And one in five companies will reduce the size of their fleets, a survey by the Institute of Directors and mid-tier firm HLB Kidsons has said. The rule changes are designed to lower CO2 emissions and fleet managers reckon the moves will transform the composition of their fleets.
Richard Baron, deputy head of the Policy Unit at the Institute of Directors said: ‘The survey has highlighted that the government’s policies seem to be working, especially among larger companies, with a swing away from company cars and changes in fleet compositions.
‘The government’s aim was to discourage the use of perk and unnecessarily large cars, but it should take note of the fact that 70% of company cars are considered to be necessary for business use, and not just perks,’ he added.
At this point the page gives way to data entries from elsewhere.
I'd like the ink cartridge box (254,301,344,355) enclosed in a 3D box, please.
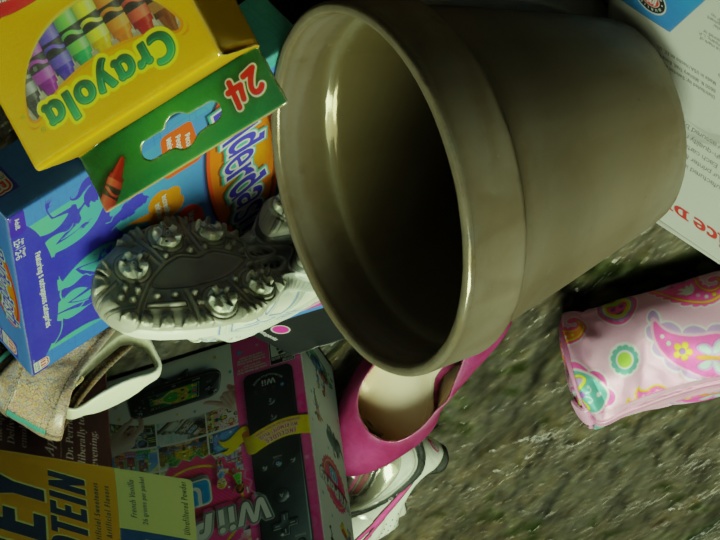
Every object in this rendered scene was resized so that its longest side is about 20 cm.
[{"bbox_3d":[0.000,0.000,1.491,0.199,0.037,0.095,-21,144,36],"label":"ink cartridge box"}]

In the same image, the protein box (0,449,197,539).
[{"bbox_3d":[-0.220,0.214,1.407,0.199,0.135,0.199,11,138,-24],"label":"protein box"}]

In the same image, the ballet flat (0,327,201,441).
[{"bbox_3d":[-0.131,0.030,1.433,0.200,0.067,0.068,-44,163,-23],"label":"ballet flat"}]

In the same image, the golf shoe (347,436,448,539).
[{"bbox_3d":[-0.013,0.179,1.721,0.092,0.073,0.200,13,137,-27],"label":"golf shoe"}]

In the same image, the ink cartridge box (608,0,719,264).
[{"bbox_3d":[0.214,-0.101,1.337,0.084,0.146,0.201,-38,147,-25],"label":"ink cartridge box"}]

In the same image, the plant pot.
[{"bbox_3d":[0.074,-0.060,1.297,0.173,0.200,0.200,-15,147,-27],"label":"plant pot"}]

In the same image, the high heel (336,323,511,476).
[{"bbox_3d":[0.032,0.075,1.560,0.067,0.096,0.200,48,117,2],"label":"high heel"}]

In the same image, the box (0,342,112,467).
[{"bbox_3d":[-0.276,0.084,1.479,0.199,0.167,0.164,19,135,-30],"label":"box"}]

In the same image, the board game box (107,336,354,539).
[{"bbox_3d":[-0.085,0.148,1.565,0.147,0.201,0.064,-18,142,11],"label":"board game box"}]

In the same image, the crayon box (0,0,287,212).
[{"bbox_3d":[-0.138,-0.141,1.212,0.127,0.201,0.051,-30,179,25],"label":"crayon box"}]

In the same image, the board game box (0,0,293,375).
[{"bbox_3d":[-0.120,-0.047,1.347,0.200,0.045,0.152,-35,152,-22],"label":"board game box"}]

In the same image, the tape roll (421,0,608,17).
[{"bbox_3d":[0.059,-0.100,1.414,0.202,0.037,0.203,-5,141,-4],"label":"tape roll"}]

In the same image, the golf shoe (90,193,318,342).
[{"bbox_3d":[-0.079,0.017,1.370,0.199,0.078,0.097,-16,148,-45],"label":"golf shoe"}]

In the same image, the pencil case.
[{"bbox_3d":[0.231,0.046,1.590,0.199,0.088,0.088,-13,141,8],"label":"pencil case"}]
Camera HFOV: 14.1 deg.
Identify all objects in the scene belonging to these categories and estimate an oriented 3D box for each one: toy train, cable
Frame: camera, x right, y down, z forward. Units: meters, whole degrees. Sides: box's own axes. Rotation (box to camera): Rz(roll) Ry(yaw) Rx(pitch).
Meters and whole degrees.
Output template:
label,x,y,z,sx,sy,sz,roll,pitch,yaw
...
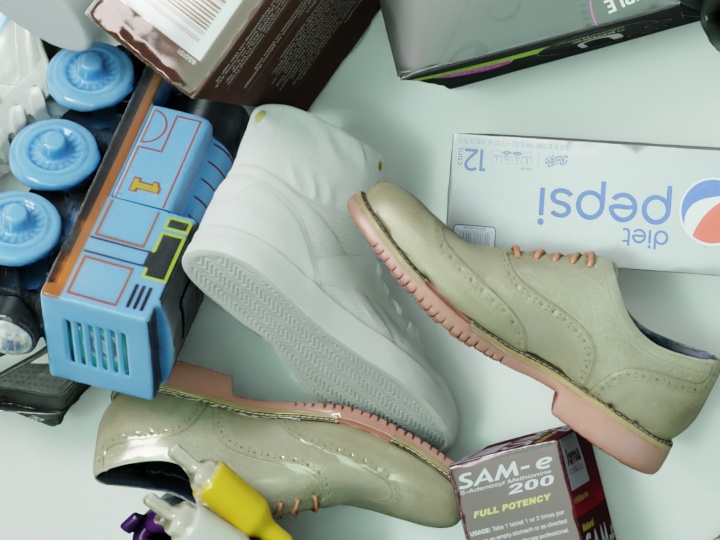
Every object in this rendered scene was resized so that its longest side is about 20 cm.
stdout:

Last week accountancy recruitment agency Alexander Lloyd predicted that employees would choose to take a cash allowance rather than a company car with too many confusions surrounding the new laws.
From next April, company car tax will be based on a percentage of a car’s list price determined by the level of its carbon dioxide emissions.
The tax levy rises from 15% of the list price in 1% steps for every 5g/km of CO2 emitted up to a maximum of 35%. This means an average 18,000+ mileage car used for business purposes could attract a 24% tax rate compared with 15% at present. Diesel cars pay a further 3% due to the higher levels of pollutants in the fuel.